▶ **TRY IT**: Return each entry word for word and skip its pictures.

==========

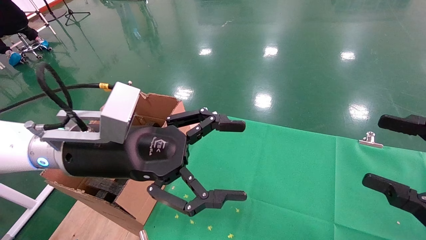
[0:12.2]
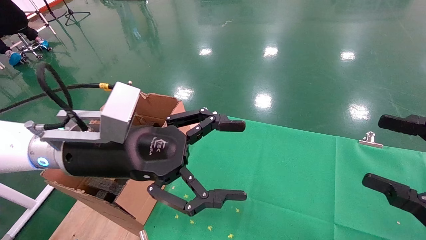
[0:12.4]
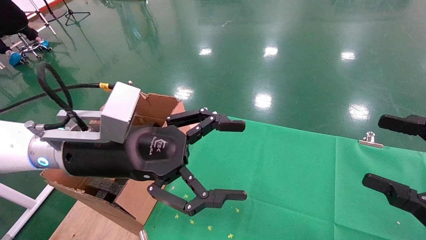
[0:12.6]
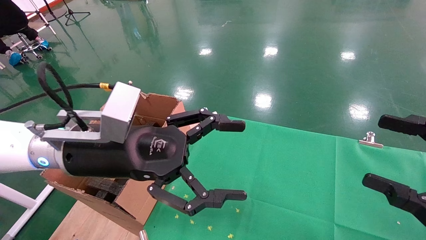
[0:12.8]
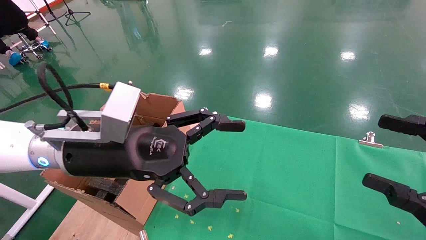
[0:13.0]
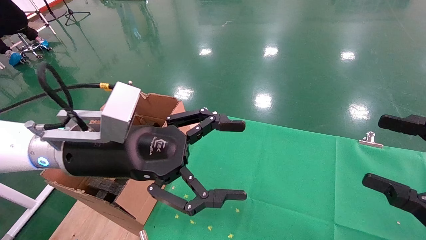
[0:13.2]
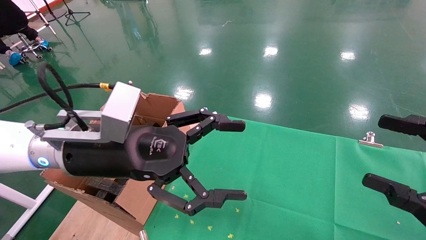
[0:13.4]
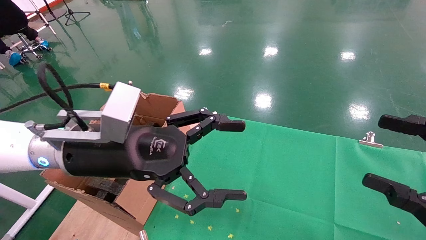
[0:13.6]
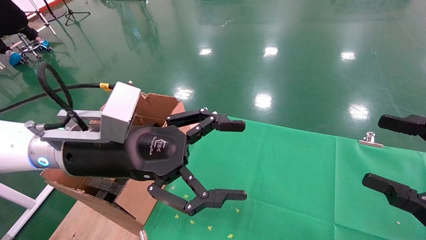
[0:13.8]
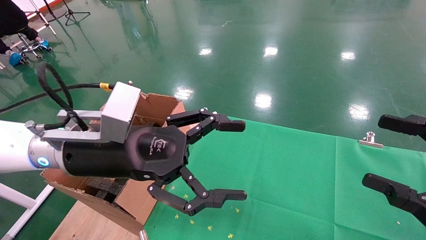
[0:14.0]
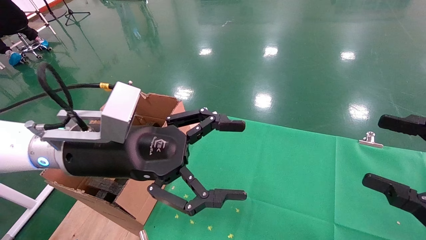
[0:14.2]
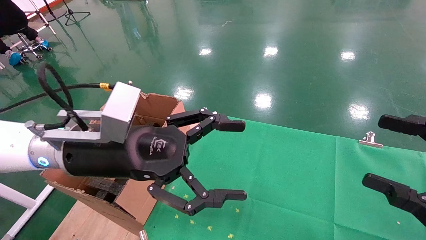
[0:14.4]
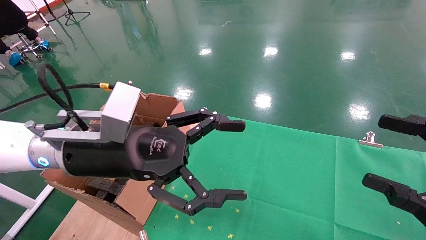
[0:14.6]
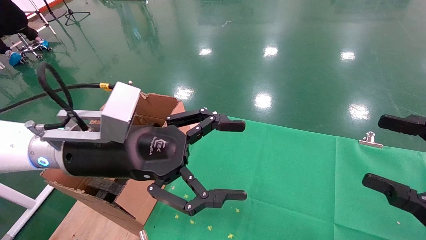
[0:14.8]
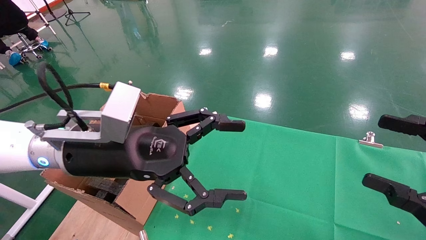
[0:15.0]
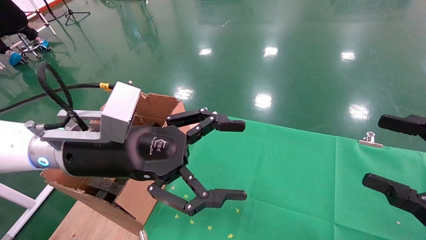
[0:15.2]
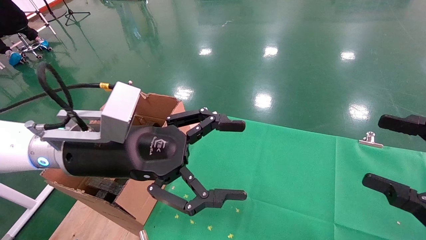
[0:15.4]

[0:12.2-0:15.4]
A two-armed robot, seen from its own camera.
Task of the whole recording: using a robotic arm to pick up a cardboard box and palace it the carton.
0:12.2 to 0:15.4: The two grippers keep their place.

==========

▶ **OUTPUT**:
[0:12.2]
[0:12.4]
[0:12.6]
[0:12.8]
[0:13.0]
[0:13.2]
[0:13.4]
[0:13.6]
[0:13.8]
[0:14.0]
[0:14.2]
[0:14.4]
[0:14.6]
[0:14.8]
[0:15.0]
[0:15.2]
[0:15.4]

[0:12.2-0:15.4]
A two-armed robot, seen from its own camera.
Task of the whole recording: using a robotic arm to pick up a cardboard box and palace it the carton.
0:12.2 to 0:15.4: The two grippers keep their place.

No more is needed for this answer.